### PROBLEM DESCRIPTION
Using the entries that follow, report the number of lines that include the string "roll", without any other text.

### MATERIAL FOR THE TASK
----
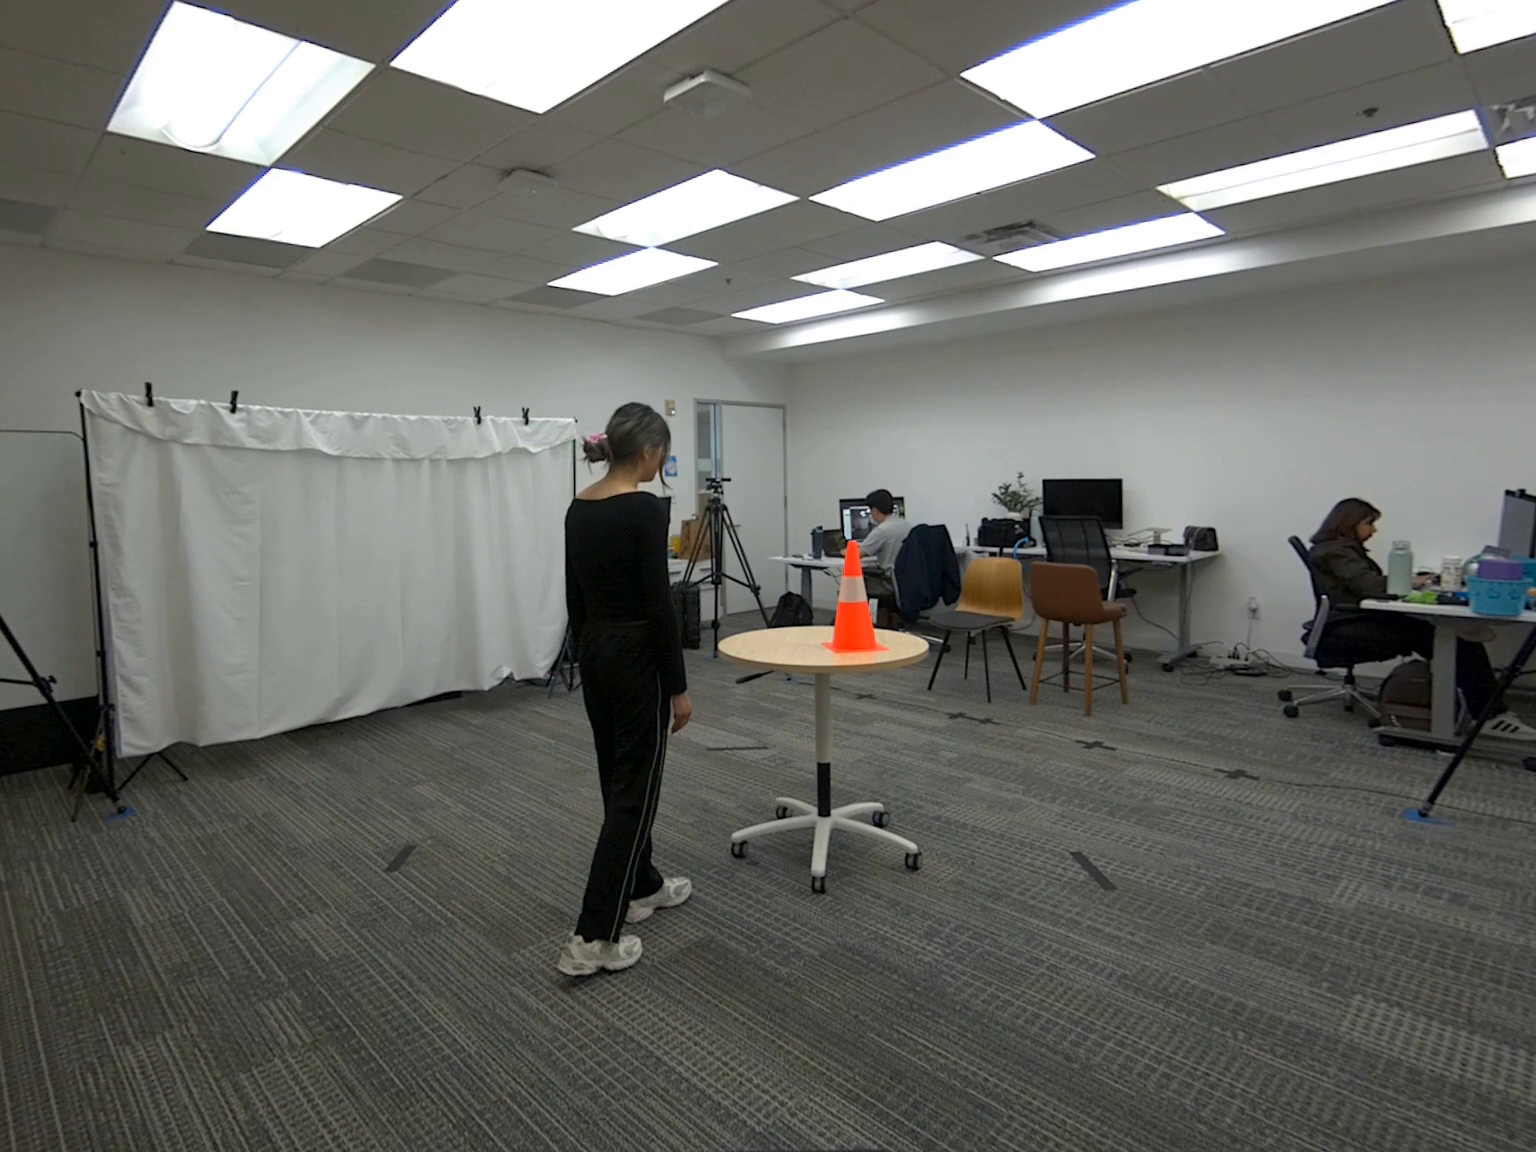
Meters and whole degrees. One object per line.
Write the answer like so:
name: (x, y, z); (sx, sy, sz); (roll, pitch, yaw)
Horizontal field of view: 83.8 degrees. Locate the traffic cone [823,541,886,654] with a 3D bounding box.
----
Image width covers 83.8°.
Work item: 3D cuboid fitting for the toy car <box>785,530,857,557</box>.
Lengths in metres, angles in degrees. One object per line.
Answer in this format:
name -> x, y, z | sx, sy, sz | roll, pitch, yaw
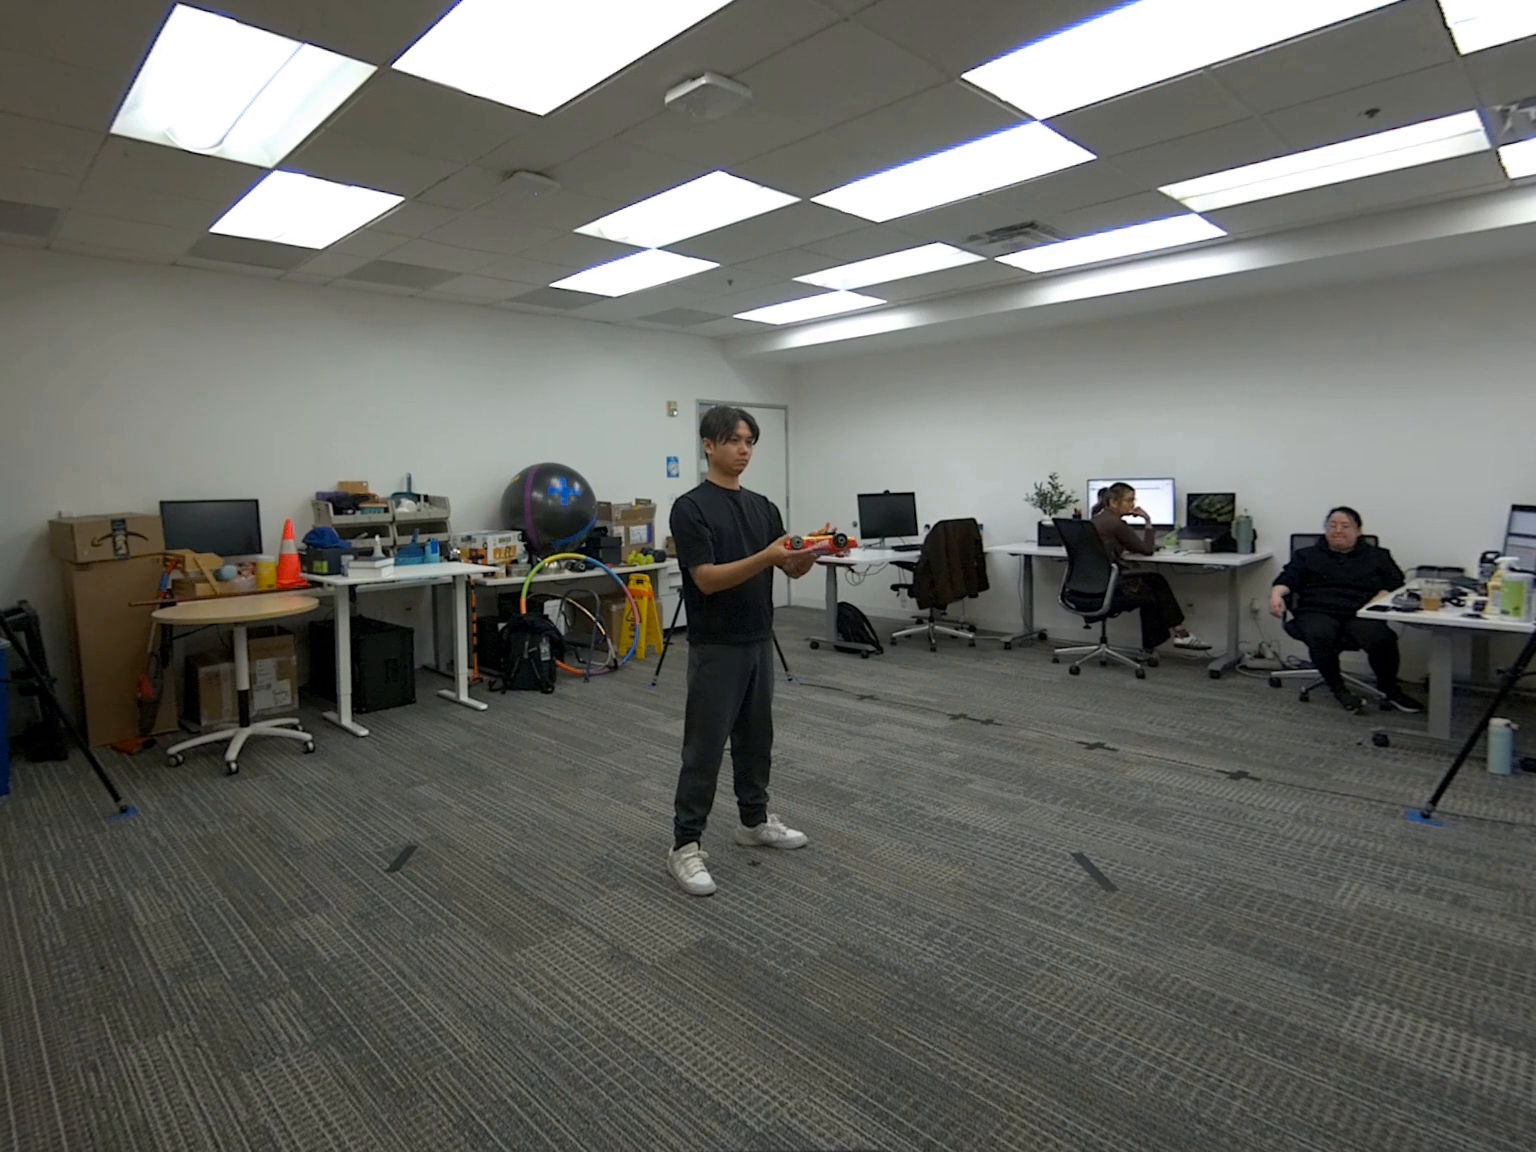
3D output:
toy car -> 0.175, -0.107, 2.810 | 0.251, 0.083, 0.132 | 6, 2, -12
----
### SOLVED EXERCISE
2